- _ABOUT THIS TASK_: Copy every line of the following data that includes the string "object".

- _DATA FOR ANALYSIS_:
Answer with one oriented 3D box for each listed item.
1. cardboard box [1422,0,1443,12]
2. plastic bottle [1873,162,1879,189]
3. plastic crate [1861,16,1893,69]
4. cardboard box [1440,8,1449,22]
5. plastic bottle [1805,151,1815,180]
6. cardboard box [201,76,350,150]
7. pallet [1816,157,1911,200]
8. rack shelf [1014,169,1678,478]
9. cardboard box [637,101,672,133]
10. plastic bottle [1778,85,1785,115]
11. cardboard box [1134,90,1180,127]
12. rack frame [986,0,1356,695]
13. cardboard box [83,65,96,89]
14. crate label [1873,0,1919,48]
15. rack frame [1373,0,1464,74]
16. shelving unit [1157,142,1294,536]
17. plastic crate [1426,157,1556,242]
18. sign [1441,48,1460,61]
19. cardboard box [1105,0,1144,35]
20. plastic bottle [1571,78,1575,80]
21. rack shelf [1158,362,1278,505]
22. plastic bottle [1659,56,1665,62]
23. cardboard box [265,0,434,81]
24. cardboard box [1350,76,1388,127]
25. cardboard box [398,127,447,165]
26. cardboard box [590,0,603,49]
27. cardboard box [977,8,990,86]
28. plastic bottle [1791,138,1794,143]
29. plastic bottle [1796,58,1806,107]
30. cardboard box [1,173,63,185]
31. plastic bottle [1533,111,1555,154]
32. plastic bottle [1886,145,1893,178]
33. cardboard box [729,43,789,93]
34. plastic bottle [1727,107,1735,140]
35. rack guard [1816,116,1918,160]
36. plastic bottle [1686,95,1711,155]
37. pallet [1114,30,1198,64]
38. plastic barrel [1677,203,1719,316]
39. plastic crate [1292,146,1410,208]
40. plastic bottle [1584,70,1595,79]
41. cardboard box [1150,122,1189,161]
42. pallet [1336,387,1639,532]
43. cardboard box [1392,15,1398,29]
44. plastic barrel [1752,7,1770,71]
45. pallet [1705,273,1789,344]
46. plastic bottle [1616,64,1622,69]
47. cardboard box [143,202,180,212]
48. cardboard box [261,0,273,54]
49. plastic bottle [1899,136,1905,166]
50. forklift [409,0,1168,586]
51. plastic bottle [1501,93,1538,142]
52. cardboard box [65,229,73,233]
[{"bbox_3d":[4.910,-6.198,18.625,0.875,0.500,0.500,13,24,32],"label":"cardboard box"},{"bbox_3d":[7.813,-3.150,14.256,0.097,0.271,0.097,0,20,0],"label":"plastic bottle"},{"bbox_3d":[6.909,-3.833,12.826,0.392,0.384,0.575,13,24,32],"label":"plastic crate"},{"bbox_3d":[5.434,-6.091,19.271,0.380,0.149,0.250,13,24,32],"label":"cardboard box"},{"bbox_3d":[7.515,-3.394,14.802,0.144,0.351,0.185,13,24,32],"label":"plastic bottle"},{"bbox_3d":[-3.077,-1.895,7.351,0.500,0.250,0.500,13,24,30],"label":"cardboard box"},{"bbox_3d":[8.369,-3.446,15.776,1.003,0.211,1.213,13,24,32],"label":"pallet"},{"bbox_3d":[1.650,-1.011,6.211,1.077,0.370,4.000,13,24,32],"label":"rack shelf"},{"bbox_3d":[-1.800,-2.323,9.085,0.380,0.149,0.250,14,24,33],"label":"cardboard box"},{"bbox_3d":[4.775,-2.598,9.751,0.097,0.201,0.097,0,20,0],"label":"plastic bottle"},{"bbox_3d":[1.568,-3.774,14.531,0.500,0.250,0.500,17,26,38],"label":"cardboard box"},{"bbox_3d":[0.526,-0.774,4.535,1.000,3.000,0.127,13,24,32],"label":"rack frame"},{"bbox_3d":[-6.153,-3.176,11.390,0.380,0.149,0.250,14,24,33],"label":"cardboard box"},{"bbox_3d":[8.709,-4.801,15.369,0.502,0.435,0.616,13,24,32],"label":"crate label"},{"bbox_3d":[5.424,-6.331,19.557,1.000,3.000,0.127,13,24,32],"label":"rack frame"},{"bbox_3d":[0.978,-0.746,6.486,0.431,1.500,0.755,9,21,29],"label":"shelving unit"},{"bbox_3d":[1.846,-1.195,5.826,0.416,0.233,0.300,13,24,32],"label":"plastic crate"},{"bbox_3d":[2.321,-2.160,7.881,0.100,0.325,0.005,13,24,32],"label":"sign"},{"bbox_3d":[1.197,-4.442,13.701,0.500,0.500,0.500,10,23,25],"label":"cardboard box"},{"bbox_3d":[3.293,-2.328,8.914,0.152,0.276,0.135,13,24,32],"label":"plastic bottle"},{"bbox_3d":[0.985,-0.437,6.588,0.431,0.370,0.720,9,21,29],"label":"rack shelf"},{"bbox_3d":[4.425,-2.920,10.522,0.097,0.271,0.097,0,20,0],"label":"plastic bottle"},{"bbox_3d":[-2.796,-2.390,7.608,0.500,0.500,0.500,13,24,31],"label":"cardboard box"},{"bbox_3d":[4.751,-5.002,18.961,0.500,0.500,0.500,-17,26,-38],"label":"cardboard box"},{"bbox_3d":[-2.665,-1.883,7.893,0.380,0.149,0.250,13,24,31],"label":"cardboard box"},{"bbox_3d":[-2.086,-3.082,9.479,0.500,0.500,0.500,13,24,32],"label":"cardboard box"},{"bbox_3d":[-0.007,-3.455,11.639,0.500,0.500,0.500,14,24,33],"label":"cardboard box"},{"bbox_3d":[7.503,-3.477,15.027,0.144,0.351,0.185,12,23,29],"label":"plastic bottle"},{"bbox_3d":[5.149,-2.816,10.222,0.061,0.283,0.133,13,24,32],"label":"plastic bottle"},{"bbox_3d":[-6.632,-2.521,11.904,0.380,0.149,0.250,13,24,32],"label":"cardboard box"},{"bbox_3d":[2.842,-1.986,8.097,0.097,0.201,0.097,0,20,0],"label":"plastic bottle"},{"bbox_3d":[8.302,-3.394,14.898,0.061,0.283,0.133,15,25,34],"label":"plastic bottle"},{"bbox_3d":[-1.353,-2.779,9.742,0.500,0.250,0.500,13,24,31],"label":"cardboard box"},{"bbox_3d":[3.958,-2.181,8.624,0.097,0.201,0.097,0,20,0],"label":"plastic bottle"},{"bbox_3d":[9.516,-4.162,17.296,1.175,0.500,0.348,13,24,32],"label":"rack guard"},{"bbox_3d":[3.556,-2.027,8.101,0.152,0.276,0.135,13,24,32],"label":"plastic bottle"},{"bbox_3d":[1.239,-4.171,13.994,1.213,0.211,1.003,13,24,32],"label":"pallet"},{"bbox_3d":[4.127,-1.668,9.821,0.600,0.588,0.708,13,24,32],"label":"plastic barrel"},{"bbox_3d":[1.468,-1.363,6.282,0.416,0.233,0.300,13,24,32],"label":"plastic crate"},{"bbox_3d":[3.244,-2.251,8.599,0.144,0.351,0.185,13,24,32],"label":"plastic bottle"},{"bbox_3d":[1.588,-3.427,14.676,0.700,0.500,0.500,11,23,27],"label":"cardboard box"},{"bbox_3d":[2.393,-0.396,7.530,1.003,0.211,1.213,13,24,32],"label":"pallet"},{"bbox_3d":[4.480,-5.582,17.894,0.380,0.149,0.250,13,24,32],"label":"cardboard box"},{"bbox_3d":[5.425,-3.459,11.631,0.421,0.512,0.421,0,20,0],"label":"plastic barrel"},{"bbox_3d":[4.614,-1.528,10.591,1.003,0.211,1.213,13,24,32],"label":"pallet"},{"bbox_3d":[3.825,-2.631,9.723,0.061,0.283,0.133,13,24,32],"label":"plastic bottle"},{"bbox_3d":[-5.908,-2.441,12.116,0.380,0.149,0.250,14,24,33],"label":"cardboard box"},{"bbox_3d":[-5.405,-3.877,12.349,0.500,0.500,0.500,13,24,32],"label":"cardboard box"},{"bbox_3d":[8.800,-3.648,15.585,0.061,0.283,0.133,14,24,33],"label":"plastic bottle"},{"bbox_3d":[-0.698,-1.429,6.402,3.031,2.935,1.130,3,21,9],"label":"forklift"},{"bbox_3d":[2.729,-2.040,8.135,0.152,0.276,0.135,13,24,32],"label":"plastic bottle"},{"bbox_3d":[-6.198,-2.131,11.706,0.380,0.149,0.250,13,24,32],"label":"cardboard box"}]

==

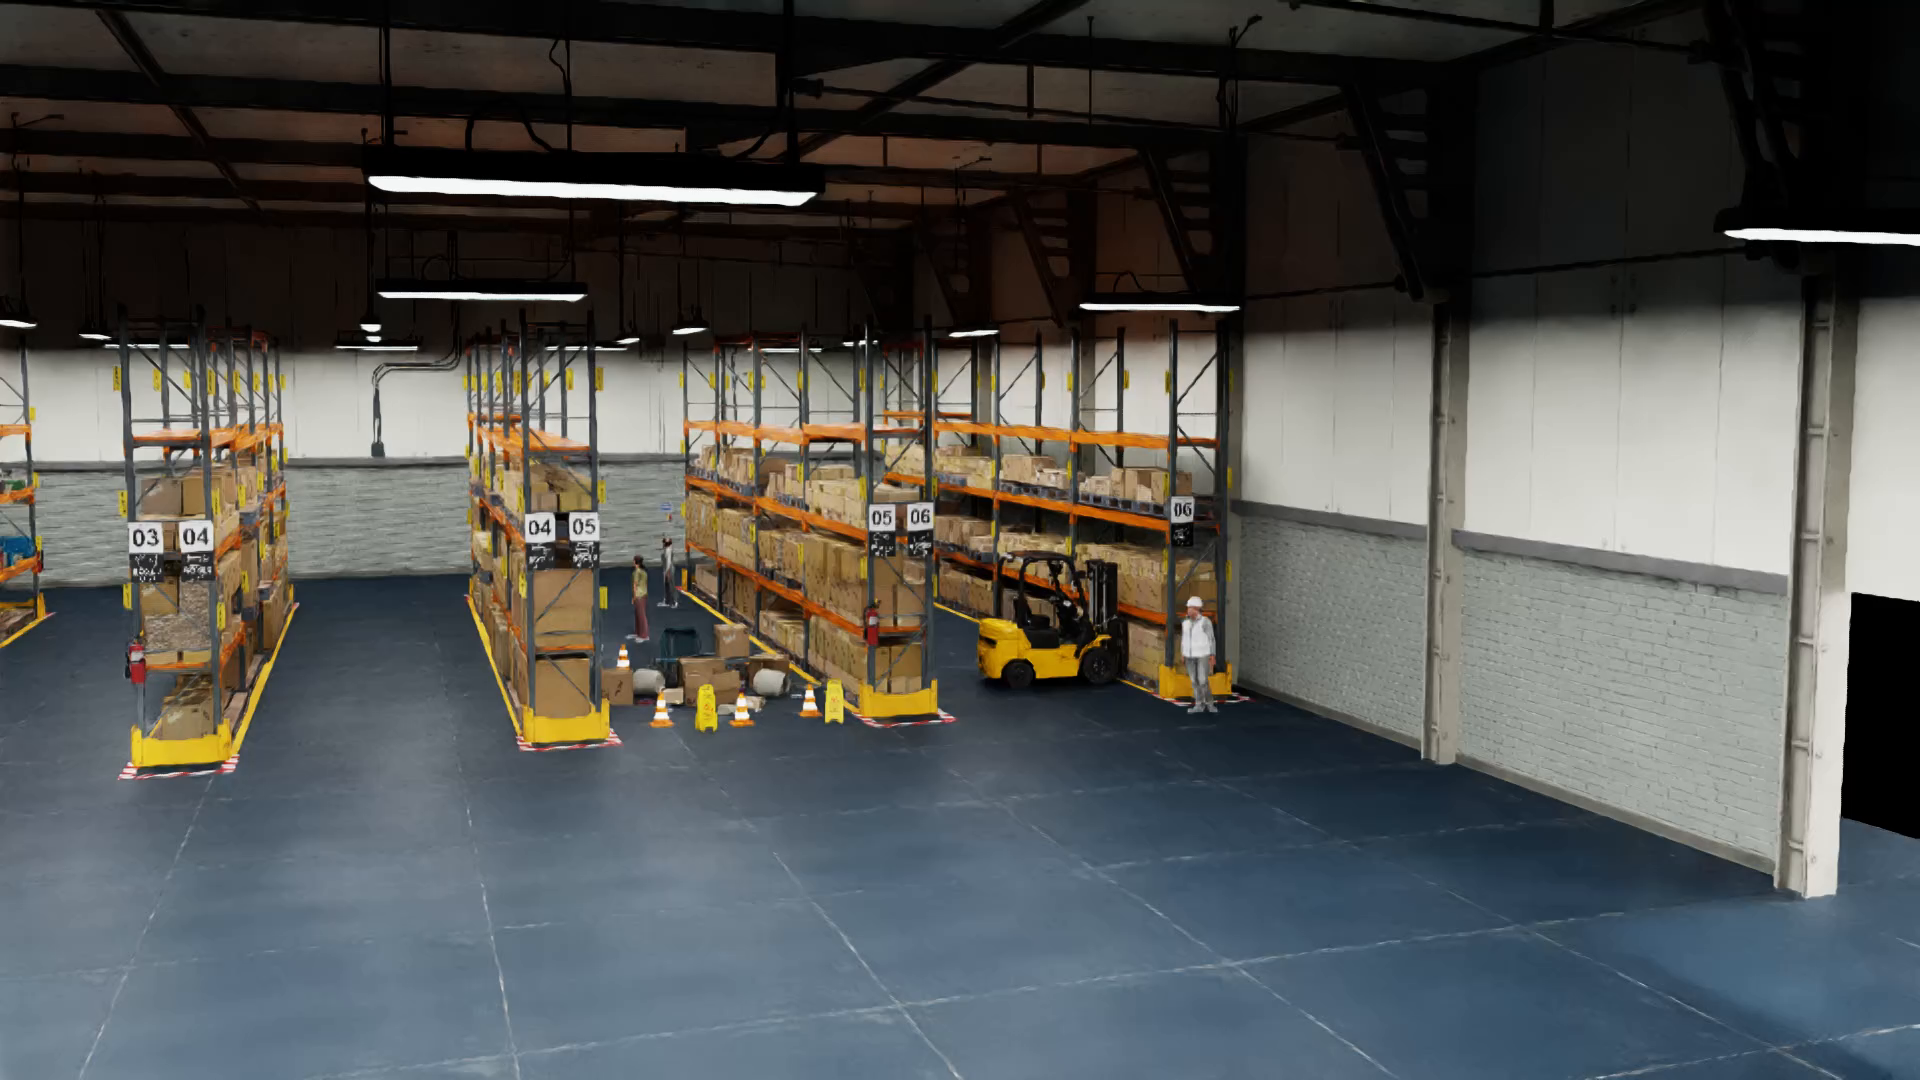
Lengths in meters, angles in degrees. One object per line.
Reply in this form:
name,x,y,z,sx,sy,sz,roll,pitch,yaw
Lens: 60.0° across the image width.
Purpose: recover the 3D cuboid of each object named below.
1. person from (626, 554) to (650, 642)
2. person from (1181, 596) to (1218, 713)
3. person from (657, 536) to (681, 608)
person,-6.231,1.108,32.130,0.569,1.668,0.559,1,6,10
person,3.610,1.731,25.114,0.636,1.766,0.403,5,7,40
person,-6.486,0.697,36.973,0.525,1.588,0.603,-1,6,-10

- _TASK OUTPUT_:
Lengths in meters, angles in degrees. One object per line.
Purpose: recover the 3D cuboid of each object named below.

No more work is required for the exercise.